Science

Why "Do Better" Became Silicon Valley's Favorite Empty Phrase

What does it even mean?

by Jack Crosbie
Getty Images / Justin Sullivan

“We know we need to do better,” read the statement put out by Facebook’s VP of global operations, Justin Osofsky, after Robert Goodwin Sr., a 74-year-old Cleveland resident, was shot and killed by a murderer who posted the entire crime on the social network.

Speaking at Facebook’s F8 developer conference two days later, Facebook’s CEO, Mark Zuckerberg conceded that “We have a lot more to do here.”

“Of course, we need to do better and have much more work to do,” Liane Hornsey, Chief Human Resources Officer at Uber, wrote in the company’s diversity report, which was released after a former employee leveled accusations of widespread, explicit sexual harassment and discrimination at the company. Twitter’s CEO Jack Dorsey acknowledged that it “needs to do better” at stopping online abuse. Just this week, Unroll.me, a startup service that helps users unsubscribe from unwanted emails, titled a blog post “We Can Do Better” after customers realized it was selling non-personal data to numerous other corporations, including Uber.

The phrase has become a meme in Silicon Valley: even a protest of the shadowy data surveillance firm Palantir rallied around the website DoBetter.tech. When faced with a crisis, everyone wants to “do better,” but no one wants to take responsibility or apologize for the offense, which crisis management experts say could come back to bite responsibility-shy corporations in the ass.

We're great, but we could do better. But let's not forget that we're great. 

Getty Images / Teresa Kroeger

“At a certain point, people are going to get fed up with the phrase ‘do better,’ because it’s not going to cover televised deaths on Facebook or other really horrible instances,” Sam Singer, the president of Singer Associates, a crisis management communications agency in San Francisco, told Inverse. “People realize that the phrase essentially is meaningless.”

“All you’re really admitting to is ‘hey, we’re a really good company and we can do better,’” Singer says. “When something’s gone wrong and somebody’s been murdered on your site, that’s not going to win a lot of fans with people.”

“Do better,” Singer explains, is something you might hear out of the mouth of a self-deprecating baseball player who’s just won the World Series: “Sure, we played great, but we could always do better.” The phrase implies both positivity and progress, two gold standards in Silicon Valley’s hyper-competitive culture of “wins.”

“Doing better on the playing field in sports and doing better as a corporation are two different things,” Singer says. “I think that phrase is going to come back to really bite the Valley in particular.”

Lanny Davis, an attorney who practiced in Washington, D.C. for four decades before starting TridentDMG, a crisis management firm, told Inverse that customers are rarely satisfied with vague promises to fix a problem, pointing to the early stages of United Airlines’s recent PR fiasco as an example of what not to do.

“If you’re going to say anything in a crisis, don’t use just rhetoric,” Davis says. “Start with an exposition of just the facts, good and bad. Then the next step is to apologize, and then the final step is to tell me specifically your solution. And then ‘do better’ has meaning.”

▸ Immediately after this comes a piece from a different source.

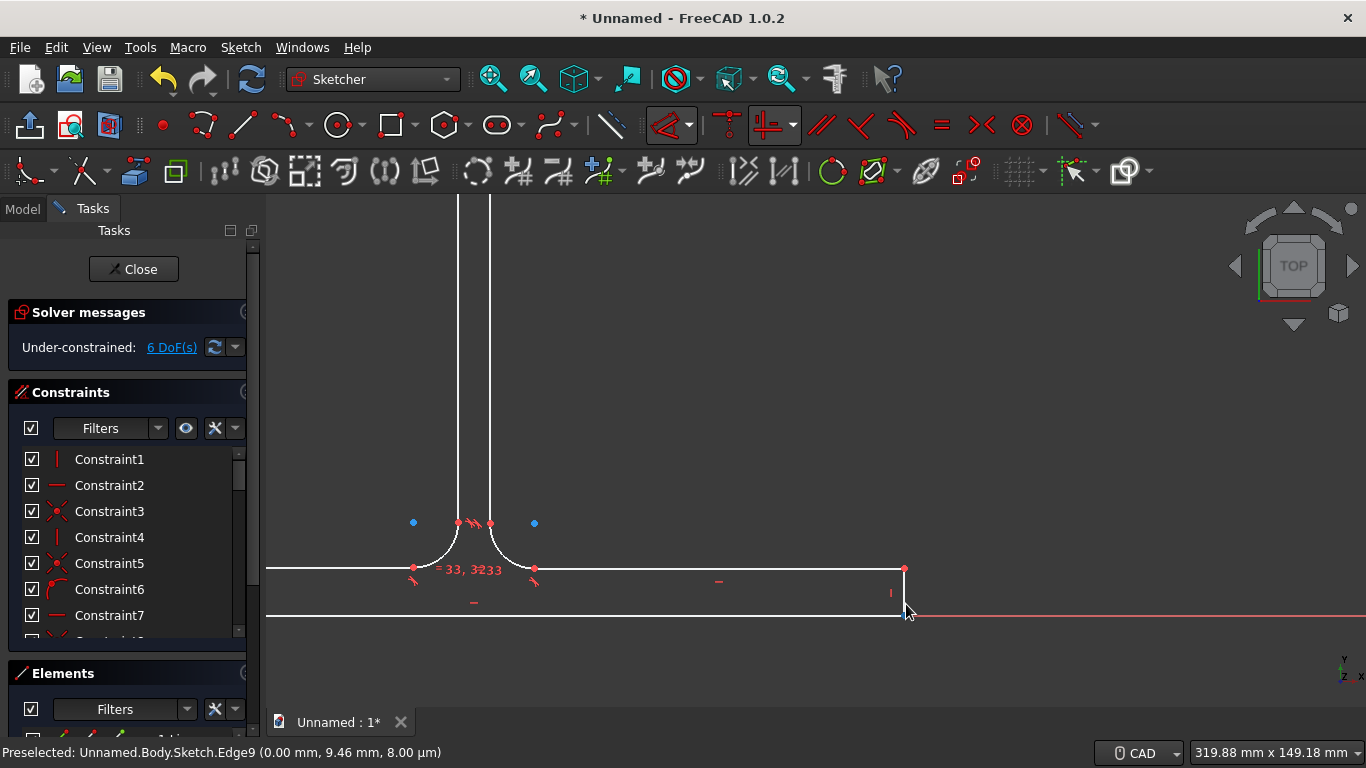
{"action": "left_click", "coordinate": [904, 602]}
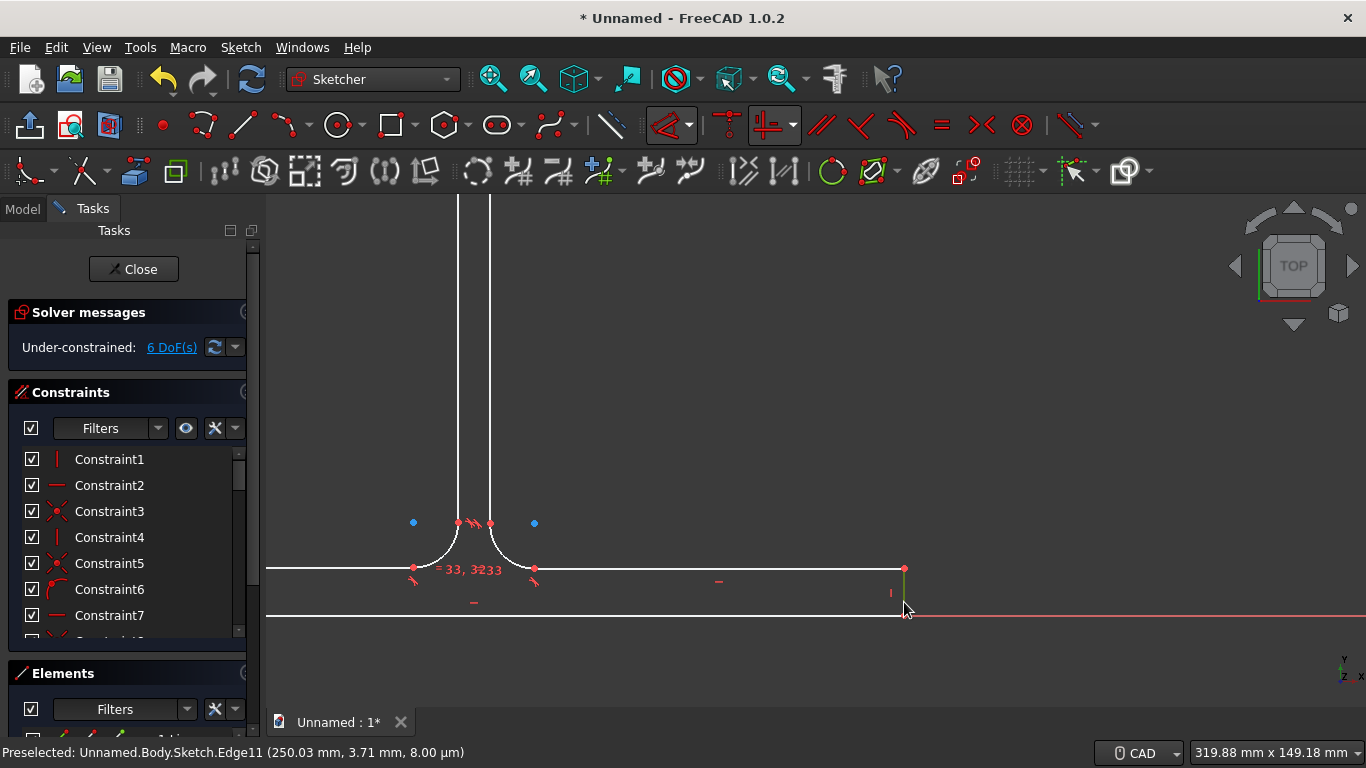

When Jesse Jackson shows up, you're probably on the wrong side of an issue.

Getty Images / Scott Olson

In United’s case, that order of operations was botched. The press was initially told the flight was overbooked, when a crew scheduling issue really caused the seating crisis. United’s CEO Oscar Muñoz also initially appeared to blame the victim in an internal memo that was leaked, before he took another shot at an actual apology for the second time.

“I promise you all we will do better,” was his next try.

But as Singer pointed, out, United eventually got it right. Muńoz’s second apology included language that other promises from recent tech firms have not. “I want you to know that we take full responsibility and we will work to make it right.”

United isn’t a tech company, and it’s unfair to expect Facebook to “take full responsibility” for Goodwin’s death — his murderer alone carried out the crime. But both entities are major multinational corporations, and Facebook’s CEO has a consistent track record of passing the buck or downplaying a problem in the first stages of a crisis. The company’s perspective on fake news has shifted dramatically over the past nine months, moving from “do a better job” to downplaying the problem, though it eventually arrived at some concrete solutions to the problem.

The point, it seems, is that companies need to get to the point of giving concrete solutions faster, instead of offering a boilerplate response that shirks off responsibility and spins a volatile incident in empty language.

“I think the phrase ‘do better’ will become something that people look back on and say from a philosophical and corporate communications standpoint is not an appropriate or good phrase to use,” Singer says. “The more appropriate phrase is ‘we need to hold ourselves to a higher standard.’ If you’re going to be the industry leader you can’t just do better, you have to set the standard.”

But in the fast-paced, ever-changing world of technology, what that standard is remains to be seen.